JavaStyle <http://www.gnu.org/software/classpathx/crypto/guide/JavaStyle.html>,
AntStyle <http://www.gnu.org/software/classpathx/crypto/guide/AntStyle.html>.


7. Configuration Parameters
----------------------------
There are two parameters that would impact the behaviour of the binaries.  These
are:

	* DO_MILLER_RABIN: in gnu.crypto.util.Prime, and
	* REPRODUCIBLE: in gnu.crypto.util.PRNG.

7.1. DO_MILLER_RABIN
.....................
In various places throughout this library, large positive prime numbers are
generated and used; e.g. keypair generation, digital signature scheme signing
process.  When needing to test the probable primality of such numbers, the code
in this library invokes the method Prime.isProbablePrime(x), which is then
translated into Prime.isProbablePrime(x, DO_MILLER_RABIN).  By default, this
constant --DO_MILLER_RABIN-- is set to FALSE, implying that if the designated
number passes Euler Criterion (a Java port of Colin Plumb implementation in C,
included in his bnlib version 1.1) the number is then declared a probable prime
and no further tests are carried out.  This is in agreement to Colin's comment
in the code that "...everything else is just gravy..."  However, if you wish to
change this behaviour to conduct a Miller-Rabin strong probabilistic primality
test as described in the literature, then you should change the value of this
constant --DO_MILLER_RABIN-- to TRUE _and_ regenerate the binaries (jars) --if
using ANT, by invoking:

	ant jar

Doing so, causes an (additional) invocation to the Prime.passMillerRabin(x)
method, if the designated number passes all other tests.  The final result
becomes then that of the Prime.passMillerRabin() method.

7.2. REPRODUCIBLE
..................
For the sake of convenience, all invocations in this library to generate
cryptographically strong pseudo-random data (bytes) are done through a
lassloader Singleton, inside the gnu.crypto.util.PRNG class.  This Singleton
generator is an instance of the pseudo-random number generator based on a
generic hash function --the class gnu.crypto.prng.MDGenerator-- using, in this
case, the Secure Hash Standard (SHS, also known as the Secure Hash Algorithm SHA
with 160-bit output block size).  This is appropriate for two reasons:

	a. this method of generating random data is the one prescribed in the Digital
		Signature Standard (DSS),
	b. other digital signature schemes, implemented so far in this library, do
		not mandate any prescribed way for generating random data.

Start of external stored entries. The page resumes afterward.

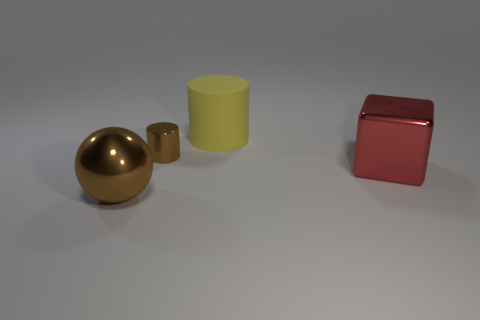Add 2 big rubber things. How many objects exist? 6 Subtract 1 balls. How many balls are left? 0 Subtract all blocks. How many objects are left? 3 Subtract 0 yellow balls. How many objects are left? 4 Subtract all purple cubes. Subtract all cyan spheres. How many cubes are left? 1 Subtract all big brown cubes. Subtract all big brown shiny balls. How many objects are left? 3 Add 1 large yellow things. How many large yellow things are left? 2 Add 1 brown metal objects. How many brown metal objects exist? 3 
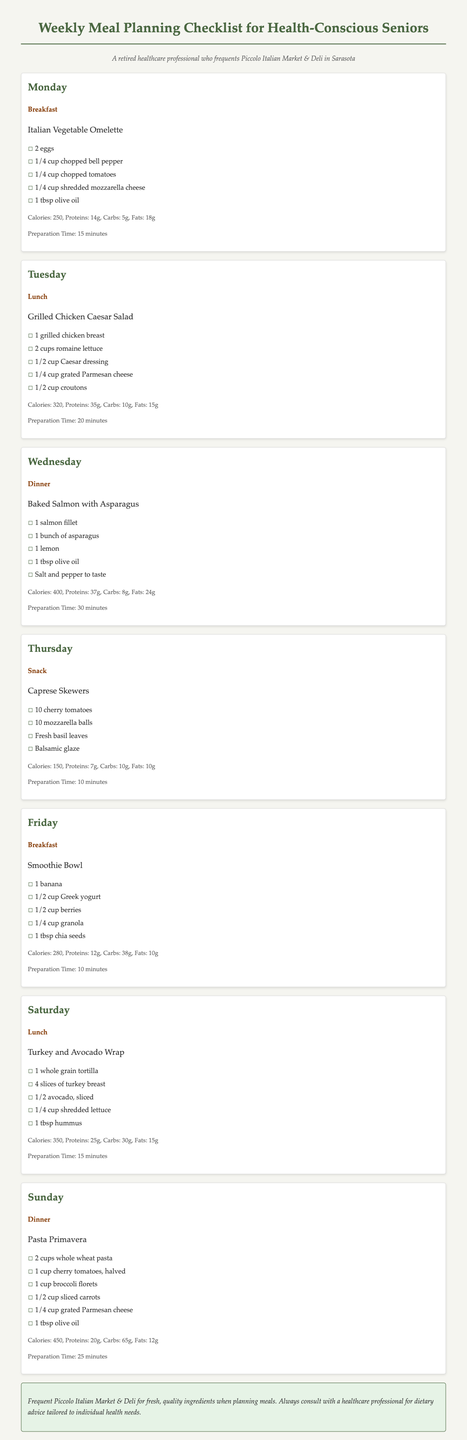What is the recipe for Monday breakfast? The recipe for Monday breakfast is Italian Vegetable Omelette.
Answer: Italian Vegetable Omelette How many calories are in the Baked Salmon with Asparagus? The document states that Baked Salmon with Asparagus has 400 calories.
Answer: 400 What is the preparation time for the Smoothie Bowl? According to the document, the preparation time for the Smoothie Bowl is 10 minutes.
Answer: 10 minutes Which meal is served on Thursday? The meal served on Thursday is a snack called Caprese Skewers.
Answer: Snack What ingredients are in the Pasta Primavera? The ingredients for Pasta Primavera include whole wheat pasta, cherry tomatoes, broccoli florets, sliced carrots, grated Parmesan cheese, and olive oil.
Answer: Whole wheat pasta, cherry tomatoes, broccoli florets, sliced carrots, grated Parmesan cheese, olive oil What is the total preparation time for the meals on Monday and Tuesday? To find the total preparation time, add 15 minutes for Monday and 20 minutes for Tuesday, resulting in 35 minutes total.
Answer: 35 minutes How many grams of protein are in the Turkey and Avocado Wrap? The protein content in the Turkey and Avocado Wrap is 25 grams.
Answer: 25g What type of checklist is this document? This document is a weekly meal planning checklist for health-conscious seniors.
Answer: Weekly Meal Planning Checklist for Health-Conscious Seniors 
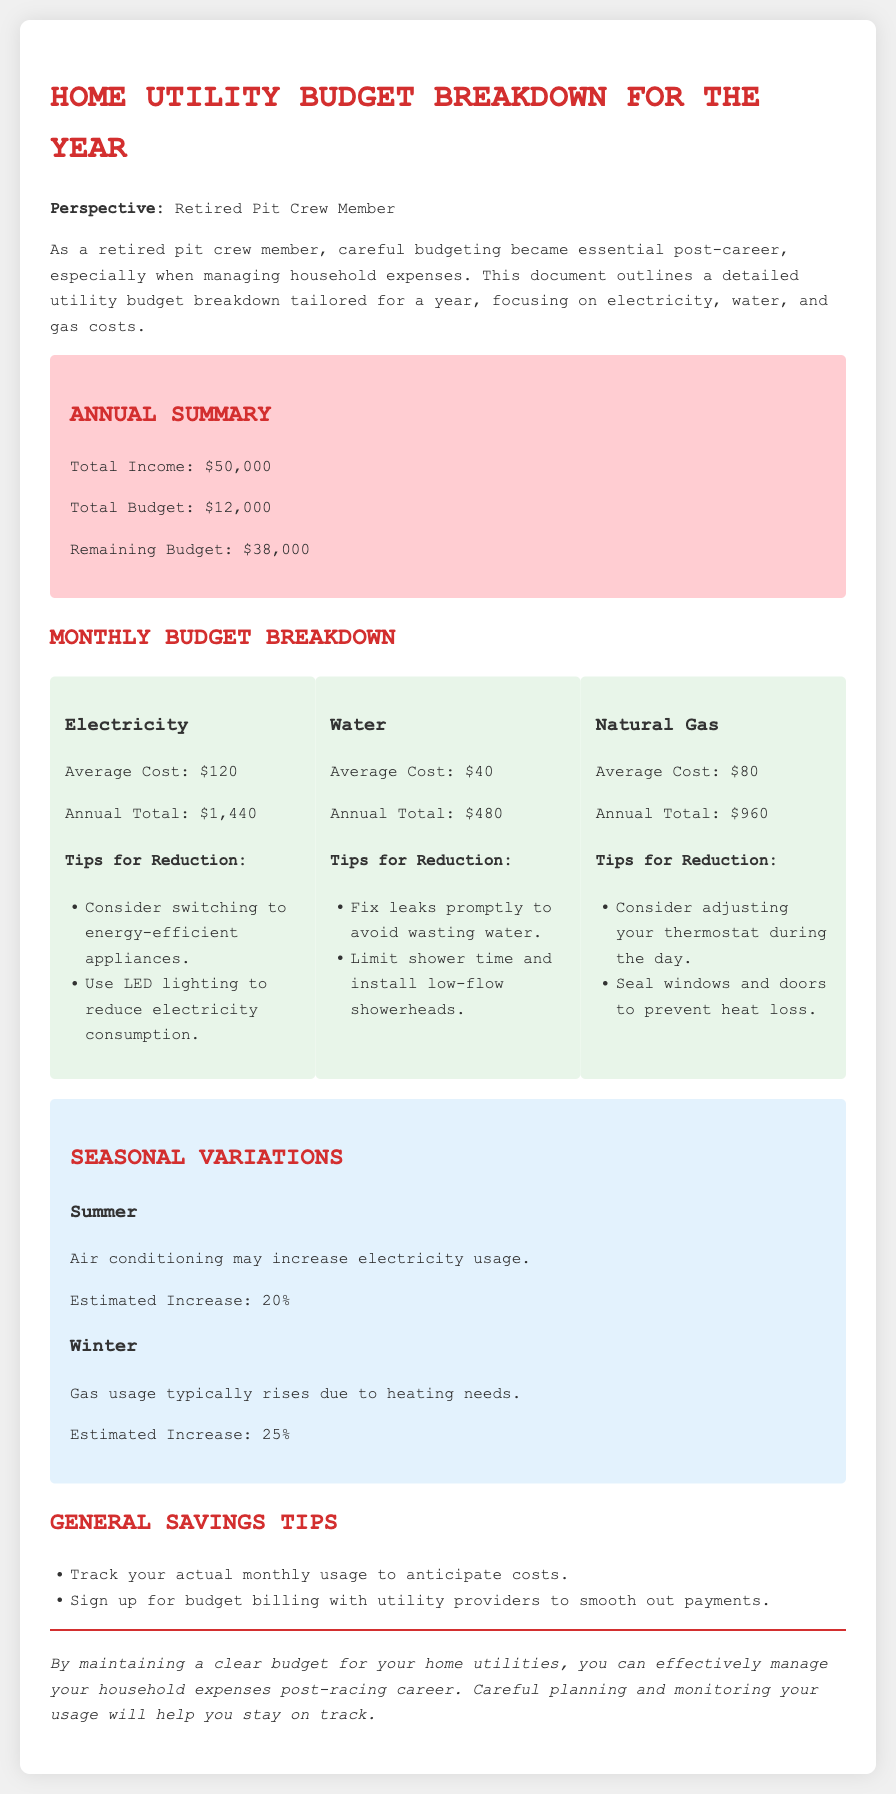What is the total income? The total income is stated directly in the document as $50,000.
Answer: $50,000 What is the annual total cost for electricity? The annual total cost for electricity is provided in the breakdown, which is $1,440.
Answer: $1,440 What are the average monthly water costs? The document specifies that the average cost for water is $40 per month.
Answer: $40 What tips are provided for reducing electricity costs? There are two specific tips mentioned in the electricity section for reduction purposes; these tips are to switch to energy-efficient appliances and use LED lighting.
Answer: Switch to energy-efficient appliances; use LED lighting By how much is electricity estimated to increase during the summer? The document states that electricity usage may increase by an estimated 20% during the summer.
Answer: 20% What is the total budget for home utilities? The total budget allocated for home utilities is detailed as $12,000 in the summary section.
Answer: $12,000 What seasonal variation affects gas usage? The document explains that gas usage typically rises due to heating needs in winter.
Answer: Winter What general savings tips are given in the document? The tips include tracking actual monthly usage and signing up for budget billing with utility providers.
Answer: Track actual monthly usage; sign up for budget billing 
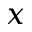<formula> <loc_0><loc_0><loc_500><loc_500>x</formula> 
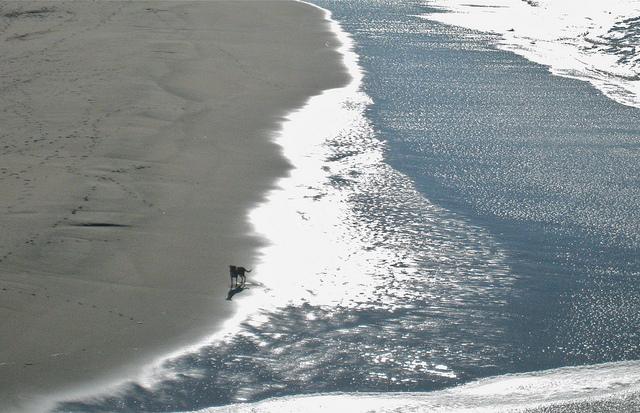Is this a dog?
Keep it brief. Yes. What is the man in the middle of?
Short answer required. Beach. Is the dog a poodle?
Quick response, please. No. Is this an inland location?
Short answer required. No.

However, this type of generator works by hashing the output of a previous digest
operation; i.e. the input to the hash function at time N is its output at time
N-1, with the starting input being a 0-long octet string.  The sequence of
generated bytes from such a generator is then _reproducible_.  This is useful
for test and debugging purposes only and obviously should not be the case in any
security-conscious application.

To change this behaviour, change the value of the constant REPRODUCIBLE in the
class gnu.crypto.util.PRNG to FALSE _and_ regenerate the binaries (jars) --if
using ANT, by invoking:

	ant jar

Doing so, causes a SEED value, based on the system current time in milliseconds,
to be injected into the initial input.


The home page for this project is at www.gnu.org/software/classpathx/crypto.
See INSTALL for installation instructions.